← All cases
04

Legal Entity Data Aggregation and Analysis System

We turn chaos from 8+ sources into a unified knowledge base for banks, investors, and regulators.

Legal Entity Data Aggregation and Analysis System

The problem we solve

Working with open company data is a challenge: sources contradict each other, information becomes outdated, and data errors lead to financial and reputational risks.

Our system turns chaos from 8+ fragmented sources (XML, JSON, CSV) into a structured knowledge base.

It is a tool for banks, investors, and regulators where every statement contains accurate data about a company, its finances, founders, and brands.

How it works

For a national-scale project, we implemented:

Data Import

Automatic ingestion from sources with different formats and APIs, including processing of weakly structured files.

Data Cleansing and Merging

Error correction algorithms (duplicates, typos, incorrect dates and data) based on rules and classical ML models. Complex data matching across sources even when the information is contradictory, for example when the newest data is already outdated.

Statement Generation

Unified company dossiers with current information on finances, founders, brands, and historical changes.

Advanced Analytics Capabilities

Find companies using a flexible filtering system by combining more than 50 different parameters, including industry, region, financial indicators, ownership structure, and more.

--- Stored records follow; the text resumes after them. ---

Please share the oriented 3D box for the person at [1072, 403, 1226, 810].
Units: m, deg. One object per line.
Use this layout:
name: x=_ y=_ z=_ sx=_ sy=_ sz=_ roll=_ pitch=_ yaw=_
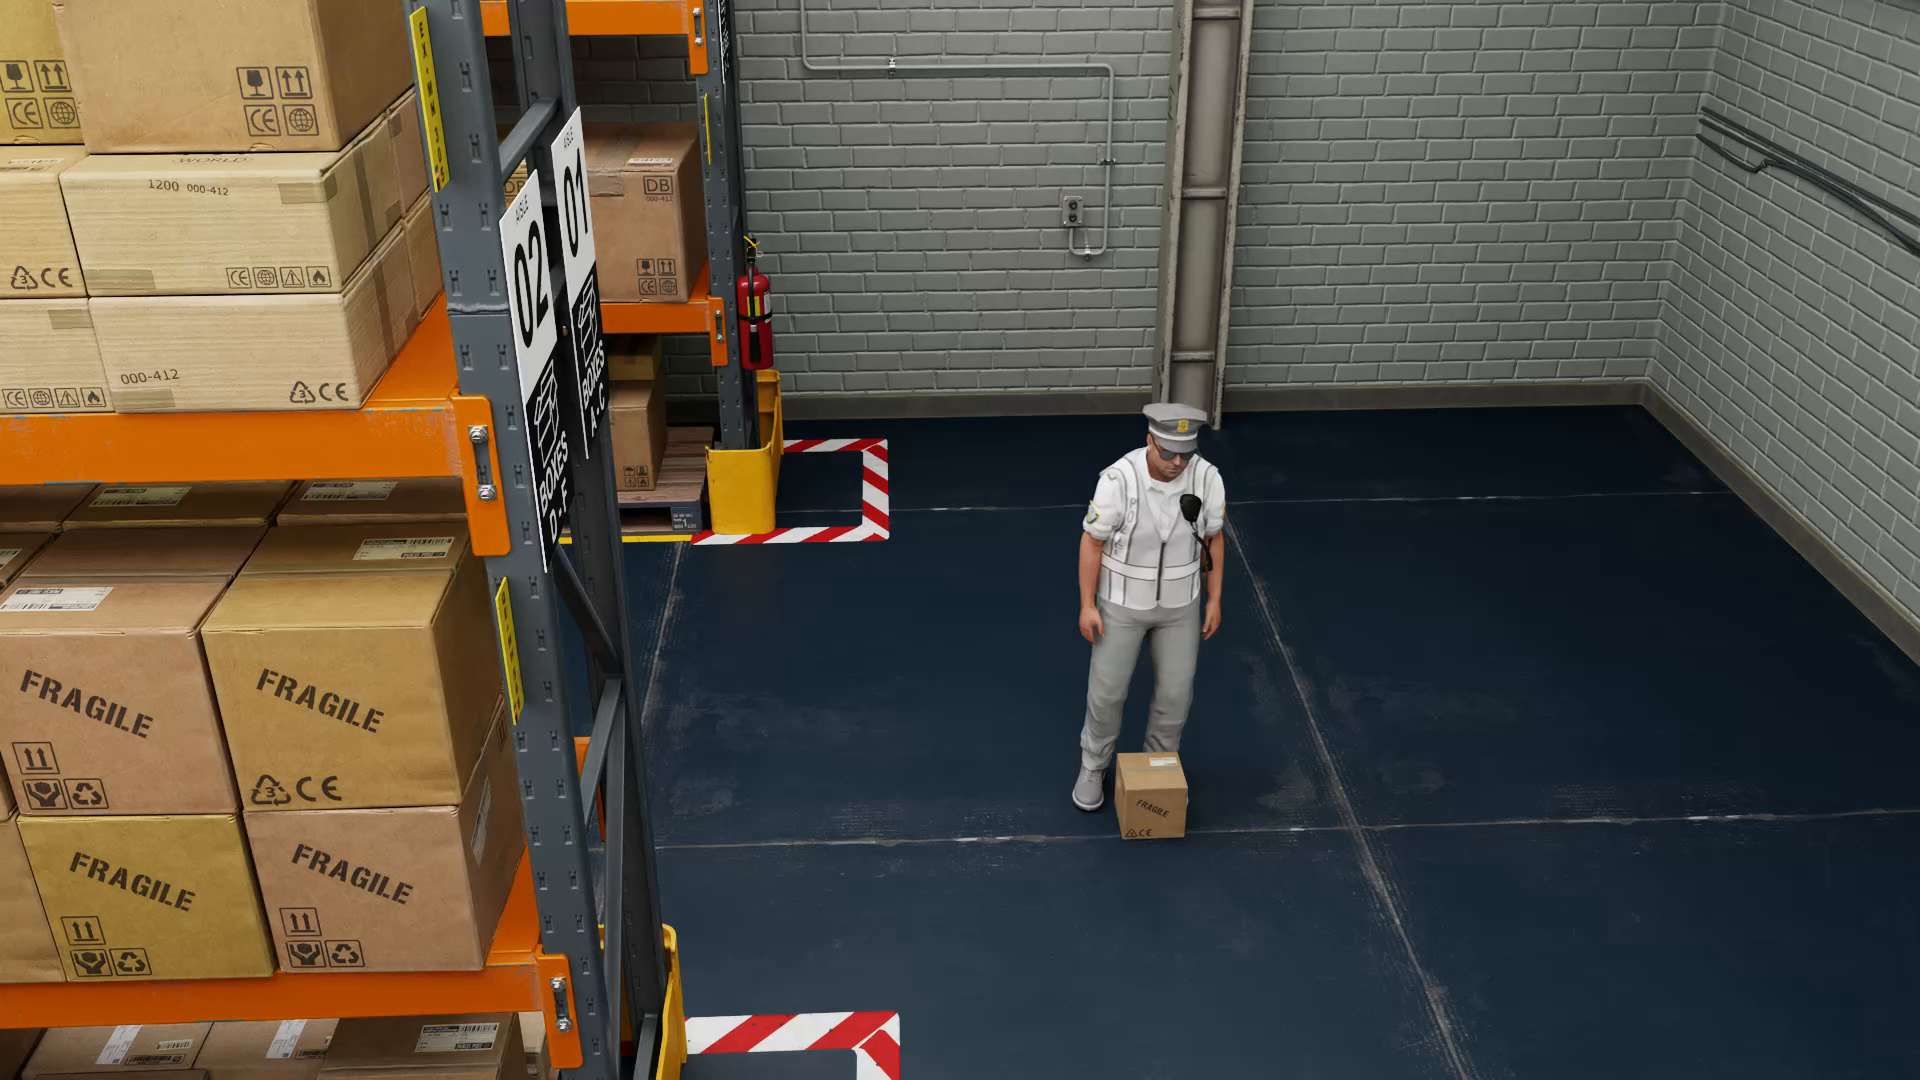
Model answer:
person: x=0.756 y=0.251 z=6.626 sx=0.601 sy=1.747 sz=0.480 roll=-3 pitch=28 yaw=-6
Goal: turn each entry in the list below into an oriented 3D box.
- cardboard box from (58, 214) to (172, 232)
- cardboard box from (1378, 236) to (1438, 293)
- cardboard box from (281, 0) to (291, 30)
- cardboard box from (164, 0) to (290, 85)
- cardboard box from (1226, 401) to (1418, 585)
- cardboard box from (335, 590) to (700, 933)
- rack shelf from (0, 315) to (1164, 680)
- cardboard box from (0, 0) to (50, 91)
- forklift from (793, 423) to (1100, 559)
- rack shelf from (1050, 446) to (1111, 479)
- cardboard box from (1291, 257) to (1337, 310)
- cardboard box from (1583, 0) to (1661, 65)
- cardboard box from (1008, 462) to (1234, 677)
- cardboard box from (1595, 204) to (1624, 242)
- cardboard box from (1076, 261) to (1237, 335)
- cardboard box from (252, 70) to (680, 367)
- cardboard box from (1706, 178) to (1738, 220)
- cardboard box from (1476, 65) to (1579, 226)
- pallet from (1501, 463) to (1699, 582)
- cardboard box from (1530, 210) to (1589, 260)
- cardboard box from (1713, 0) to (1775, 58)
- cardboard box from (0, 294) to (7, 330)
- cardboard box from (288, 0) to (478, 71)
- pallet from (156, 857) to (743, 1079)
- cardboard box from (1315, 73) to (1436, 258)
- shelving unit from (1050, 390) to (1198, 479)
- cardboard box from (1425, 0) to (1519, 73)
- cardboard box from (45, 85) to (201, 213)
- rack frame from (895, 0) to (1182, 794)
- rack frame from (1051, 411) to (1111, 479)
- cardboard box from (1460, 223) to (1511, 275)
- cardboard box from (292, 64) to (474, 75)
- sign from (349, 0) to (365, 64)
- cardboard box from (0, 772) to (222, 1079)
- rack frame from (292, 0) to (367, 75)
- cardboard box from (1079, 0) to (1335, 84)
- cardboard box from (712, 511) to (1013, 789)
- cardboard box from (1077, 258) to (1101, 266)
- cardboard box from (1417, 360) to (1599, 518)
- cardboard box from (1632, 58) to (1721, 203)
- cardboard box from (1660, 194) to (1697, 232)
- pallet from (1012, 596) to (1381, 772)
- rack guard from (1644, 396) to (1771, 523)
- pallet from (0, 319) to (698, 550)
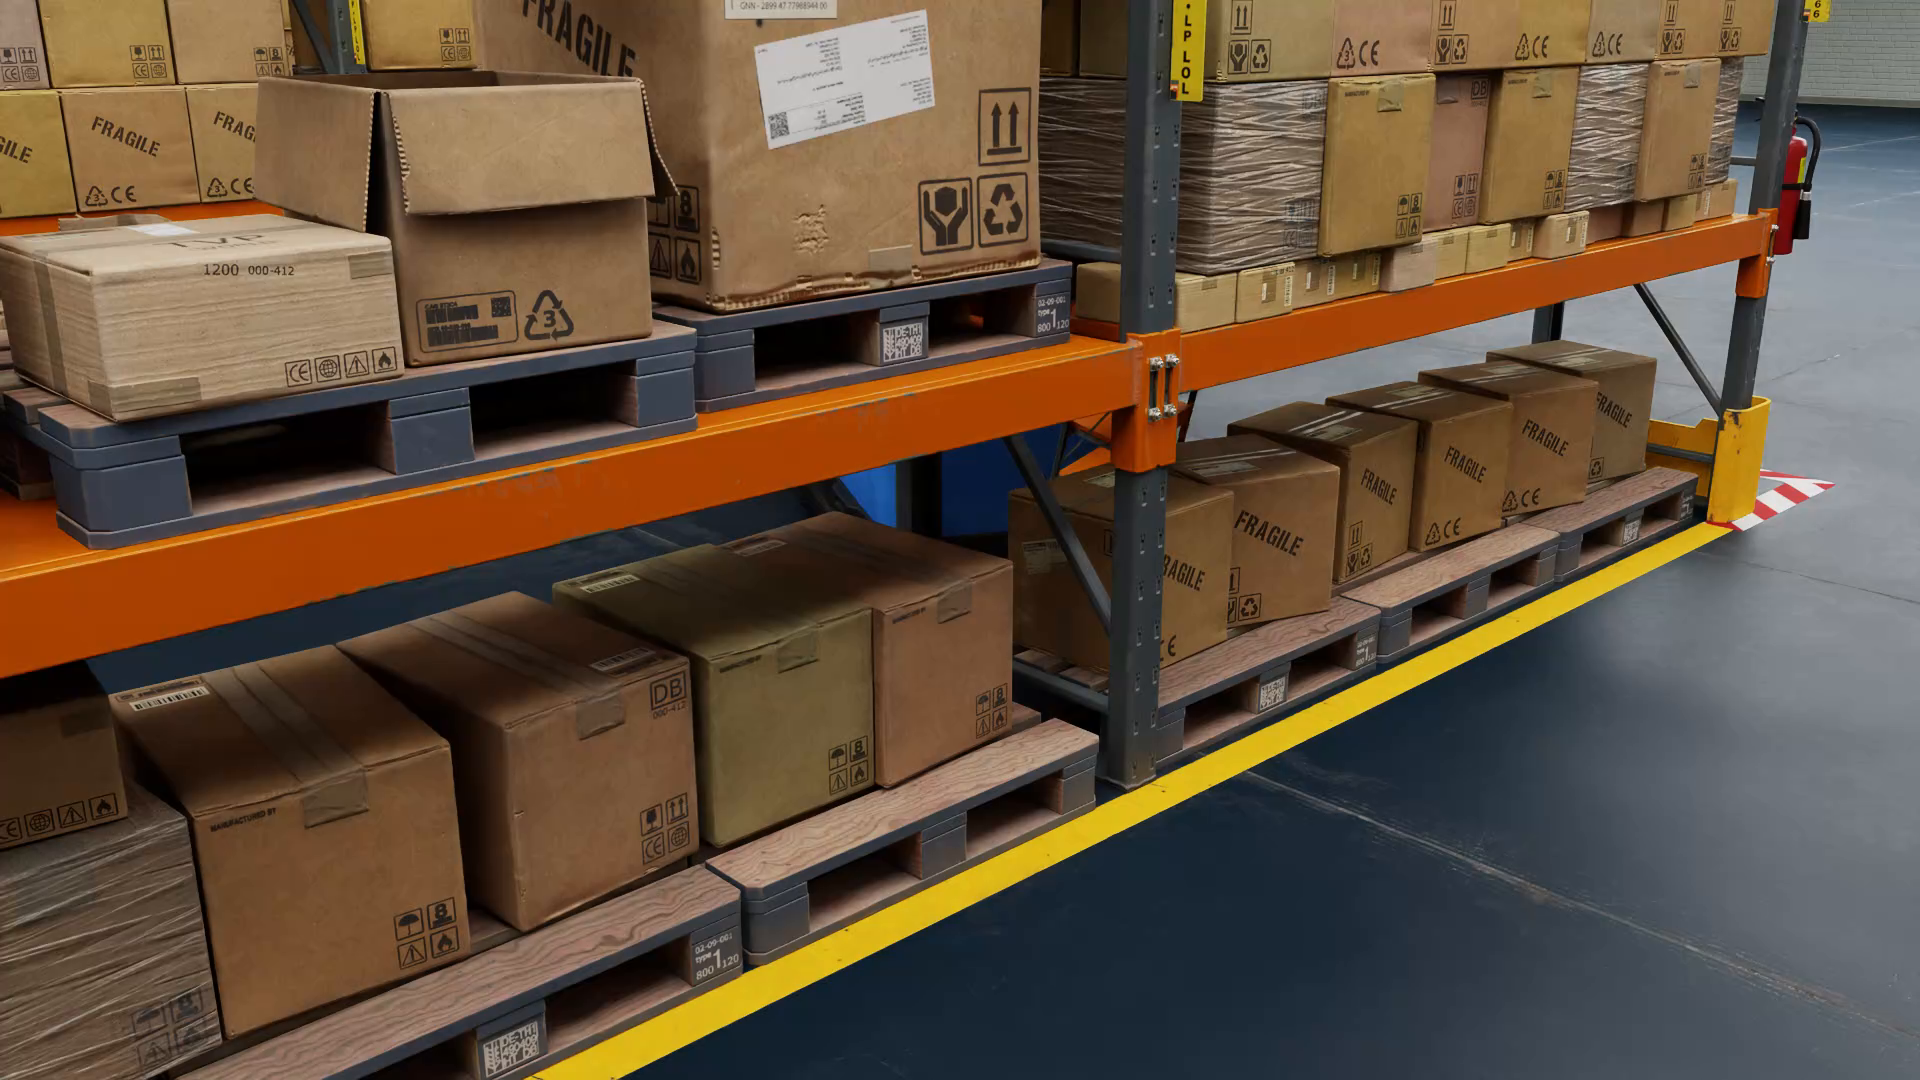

The system can also find similar companies based on a selected set of characteristics, providing a powerful tool for market and competitor analysis.

Technologies

LaravelOctanePostgreSQLRedisElasticSearchVue 3Nuxt3PythonMongoDBApache SupersetDocker clusters with redundancyGitLab CI/CDGrafanaSentry

Benefits

Reliability

Data is cleaned and verified before entering the system, so you make decisions based on facts rather than assumptions.

Speed

Search across 28M+ companies takes less than one second thanks to ElasticSearch.

Depth of Analysis

Identify company relationships, track changes in financial indicators, and build forecasts.

Dependability

Redundancy and automatic resource adaptation to current load guarantee 24/7 operation even during peak demand.